Procès de l'attaque ratée près de Notre-Dame : des peines de 25 à 30 ans de prison requises contre deux accusées

Un croquis représentant Inès Madani, principale accusée lors de ce procès. / © Benoit PEYRUCQ / AFP
Un croquis représentant Inès Madani, principale accusée lors de ce procès. / © Benoit PEYRUCQ / AFP

Des peines de 25 et 30 ans ont été requises à l'encontre des deux principales accusées, Ornella Gilligmann et Inès Madani, ce jeudi 10 octobre. Elles sont jugées avec cinq autres personnes, pour l'attentat à la bonbonne de gaz raté près de Notre-Dame de Paris.

Par MT / LB avec AFP

Ces deux femmes et leurs deux co-accusées "sont devenues le visage du djihad au féminin", a déclaré l'avocate générale. Elles ont été "le bras armé" du groupe État islamique et ont montré "une détermination sans faille", a-t-elle poursuivi, devant la cour d'assises spéciale à Paris, ce jeudi 10 octobre.

Dans le détail, une peine 30 ans de réclusion criminelle avec une peine de sûreté des deux-tiers ainsi que l'inscription au fichier des auteurs d'infractions terroristes a été requise à l'encontre d'Inès Madani. Elle pourrait échapper à la perpétuité en raison de son âge au moment des faits.
Concernant Ornella Gilligmann, 25 ans de réclusion criminelle avec une peine de sûreté des deux-tiers ont été requis. Le deuxième avocat général a déclaré qu'elle "aurait dû être en mesure de réfléchir. L'amour n'excuse pas tout."

Enfin, concernant le grand absent du procès, Rachid Kacim, jugé par contumace, les magistrats ont demandé la réclusion criminelle à perpétuité avec une peine de sûreté de 22 ans pour association de malfaiteurs terroristes et complicité de tentative d'assassinat en bande organisée en lien avec une entreprise terroriste et son inscription au fichier des auteurs d'infractions terroristes.
 

Les autres accusés

Une peine de 4 ans d'emprisonnement avec sursis et mise à l'épreuve de 3 ans, un suivi psychologique et l'inscription au fichier des auteurs d'infractions terroristes a été requise à l'encontre de Selima Aboudi.

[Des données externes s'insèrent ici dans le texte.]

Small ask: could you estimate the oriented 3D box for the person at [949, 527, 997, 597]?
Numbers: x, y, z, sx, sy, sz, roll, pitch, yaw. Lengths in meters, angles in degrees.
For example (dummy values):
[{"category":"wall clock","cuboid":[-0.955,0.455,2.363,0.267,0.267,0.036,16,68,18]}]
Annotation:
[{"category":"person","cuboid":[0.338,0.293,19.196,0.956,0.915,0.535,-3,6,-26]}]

S'agissant de Sarah Hervouët et Amel Sakaou : 20 ans de réclusion criminelle avec une peine de sûreté des deux-tiers et l'inscription au fichier des auteurs d'infractions terroristes ont été requis.

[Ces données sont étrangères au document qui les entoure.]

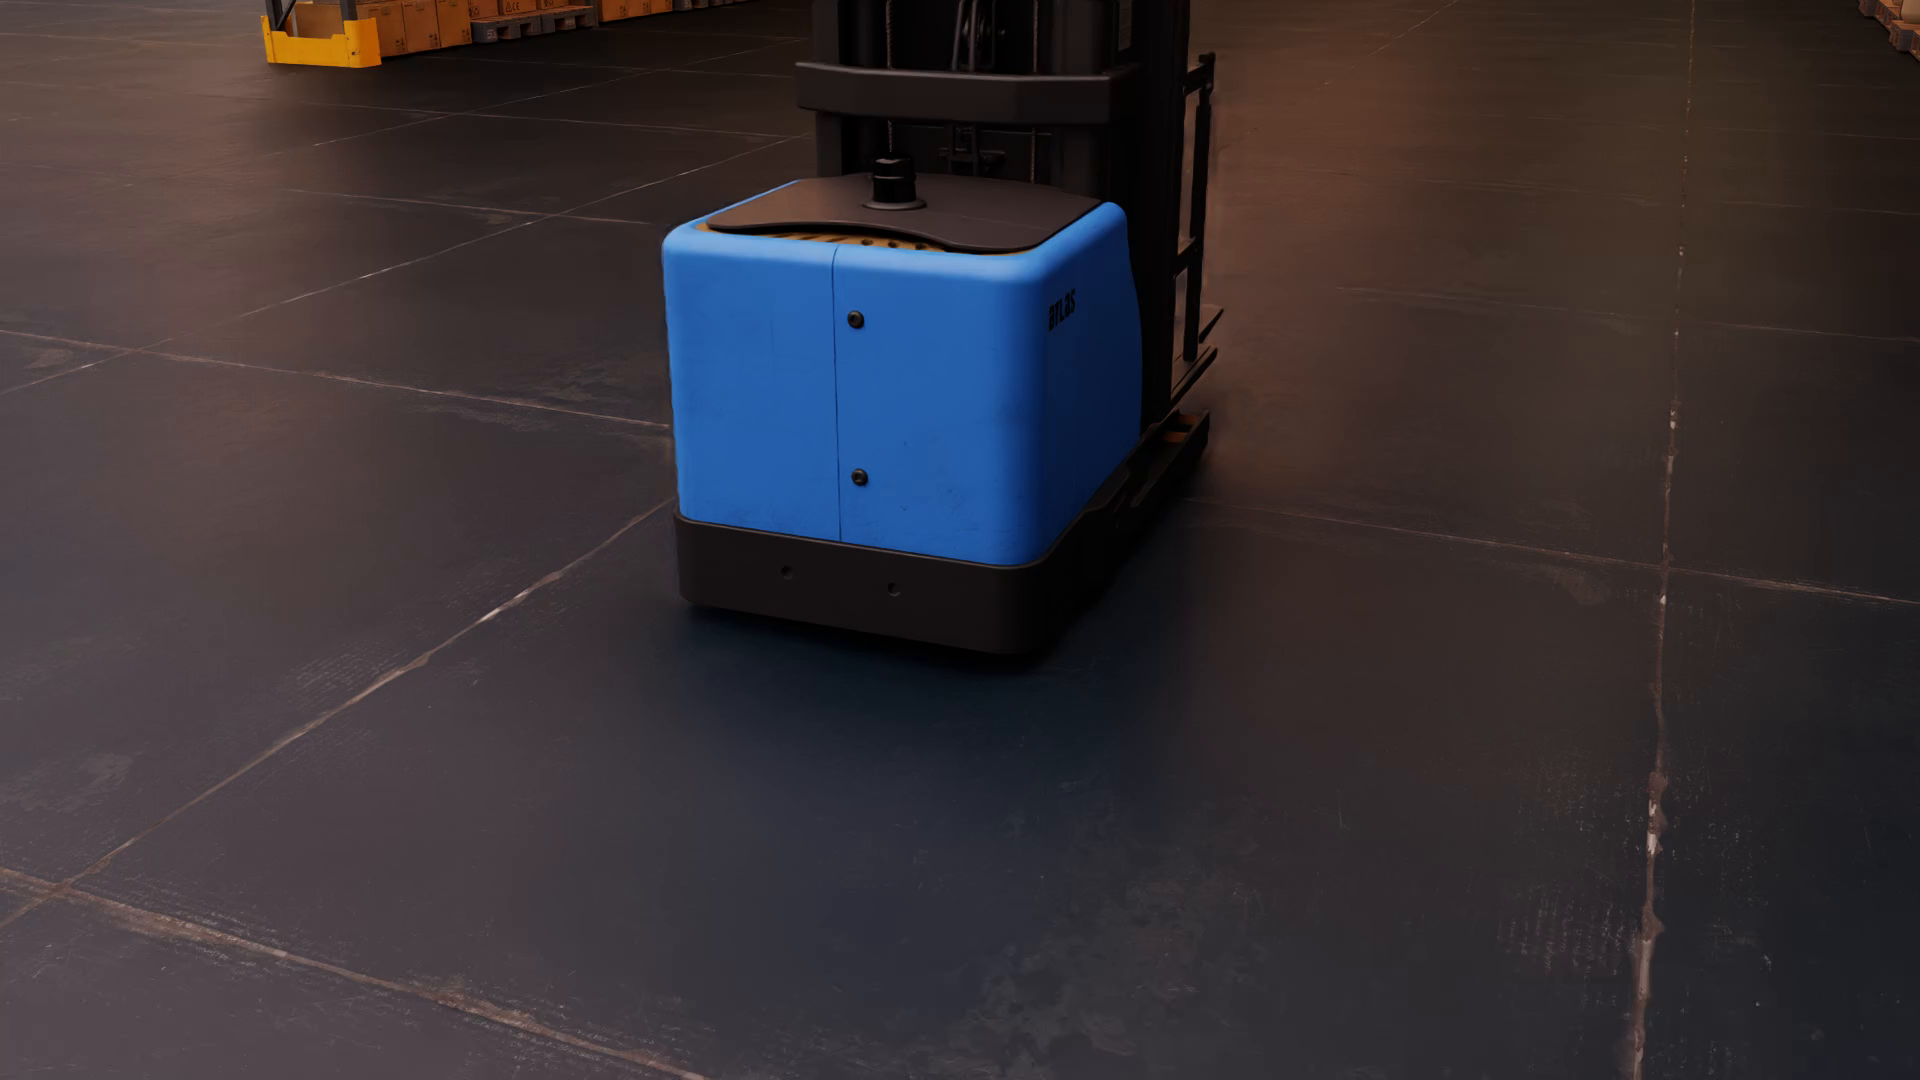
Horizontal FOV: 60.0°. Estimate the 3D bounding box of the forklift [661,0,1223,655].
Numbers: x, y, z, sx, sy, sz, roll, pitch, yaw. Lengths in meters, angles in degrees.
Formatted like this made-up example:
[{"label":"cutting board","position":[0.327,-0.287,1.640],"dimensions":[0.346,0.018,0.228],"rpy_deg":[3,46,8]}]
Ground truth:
[{"label":"forklift","position":[0.222,-1.600,5.121],"dimensions":[1.130,2.935,3.031],"rpy_deg":[8,24,19]}]

10 ans d'emprisonnement avec une période de sûreté des deux-tiers et l'inscription au fichier des auteurs d'infractions terroristes ont été requis à l'encontre de Samia Chalel.

Mohamed Lamine Aberouz, considéré comme "l'accusé le plus dangereux dans ce box" par l'avocate générale, 5 ans d'emprisonnement (peine maximale) et l'inscription au fichier des auteurs d'infractions terroristes ont été requis. La magistrate a estimée qu'il "est fin, il est rusé. Sa radicalité est intellectuelle. C'est un individu qui est cultivé. Je n'ai pas le moindre doute sur son engagement pour la cause djihadiste".